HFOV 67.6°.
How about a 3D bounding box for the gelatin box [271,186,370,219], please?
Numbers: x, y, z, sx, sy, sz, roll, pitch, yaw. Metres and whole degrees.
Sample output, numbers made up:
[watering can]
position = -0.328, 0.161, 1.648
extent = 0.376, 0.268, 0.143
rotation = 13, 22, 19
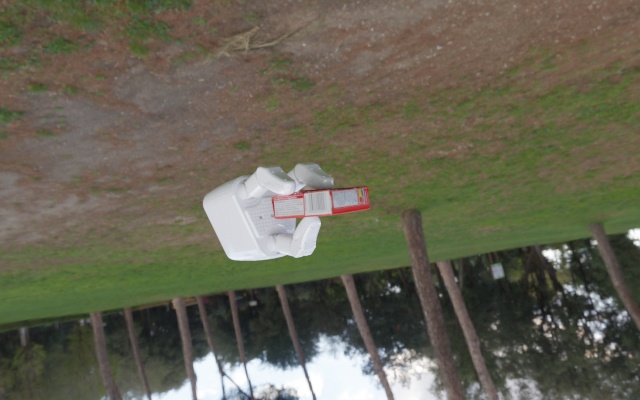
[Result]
[gelatin box]
position = 0.000, 0.002, 0.549
extent = 0.089, 0.030, 0.073
rotation = -6, 0, 40
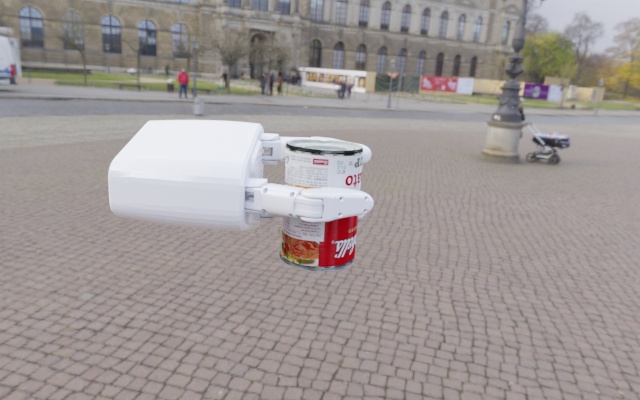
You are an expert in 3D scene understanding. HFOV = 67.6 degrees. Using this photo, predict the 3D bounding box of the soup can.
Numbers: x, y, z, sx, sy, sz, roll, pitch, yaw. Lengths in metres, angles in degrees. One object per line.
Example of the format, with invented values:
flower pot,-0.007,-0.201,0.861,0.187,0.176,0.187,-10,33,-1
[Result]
soup can,0.001,0.001,0.416,0.068,0.102,0.068,4,15,-1
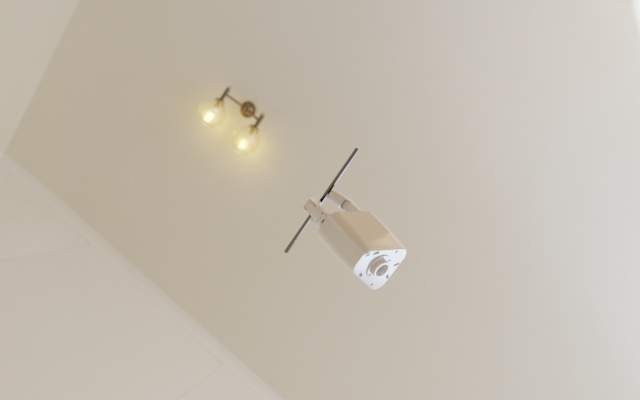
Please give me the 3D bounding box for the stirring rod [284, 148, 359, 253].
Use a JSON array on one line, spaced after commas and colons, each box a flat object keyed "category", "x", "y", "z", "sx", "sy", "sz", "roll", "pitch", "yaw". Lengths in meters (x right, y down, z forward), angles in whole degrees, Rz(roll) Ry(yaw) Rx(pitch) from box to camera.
[{"category": "stirring rod", "x": 0.000, "y": 0.003, "z": 0.889, "sx": 0.011, "sy": 0.239, "sz": 0.011, "roll": 33, "pitch": 13, "yaw": -9}]
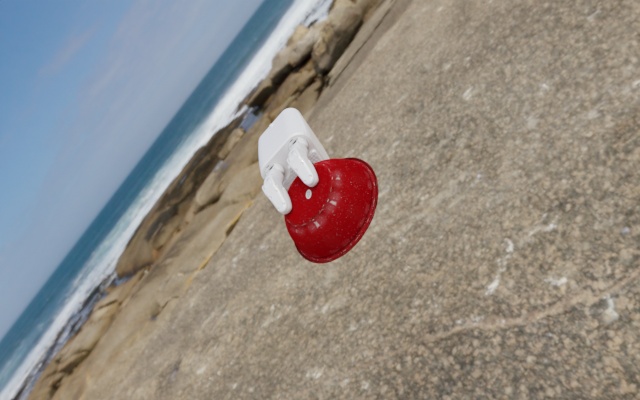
◇ ◇ ◇ ◇ ◇
> _WHAT IS EXPECTED_:
Only the lines from the top of the material above down to the line bearing "Please give me", that line included, should be set down exactly; no pictures.

> _OUTPUT BELOW_:
HFOV 67.6°.
How about a 3D bounding box for the gelatin box [271,186,370,219], please?
Numbers: x, y, z, sx, sy, sz, roll, pitch, yaw. Metres and whole degrees.
Sample output, numbers made up:
[watering can]
position = -0.328, 0.161, 1.648
extent = 0.376, 0.268, 0.143
rotation = 13, 22, 19
[Result]
[gelatin box]
position = 0.000, 0.002, 0.549
extent = 0.089, 0.030, 0.073
rotation = -6, 0, 40
You are an expert in 3D scene understanding. HFOV = 67.6 degrees. Using this photo, predict the 3D bounding box of the soup can.
Numbers: x, y, z, sx, sy, sz, roll, pitch, yaw. Lengths in metres, angles in degrees. One object per line.
Example of the format, with invented values:
flower pot,-0.007,-0.201,0.861,0.187,0.176,0.187,-10,33,-1
[Result]
soup can,0.001,0.001,0.416,0.068,0.102,0.068,4,15,-1
Please give me the 3D bounding box for the stirring rod [284, 148, 359, 253].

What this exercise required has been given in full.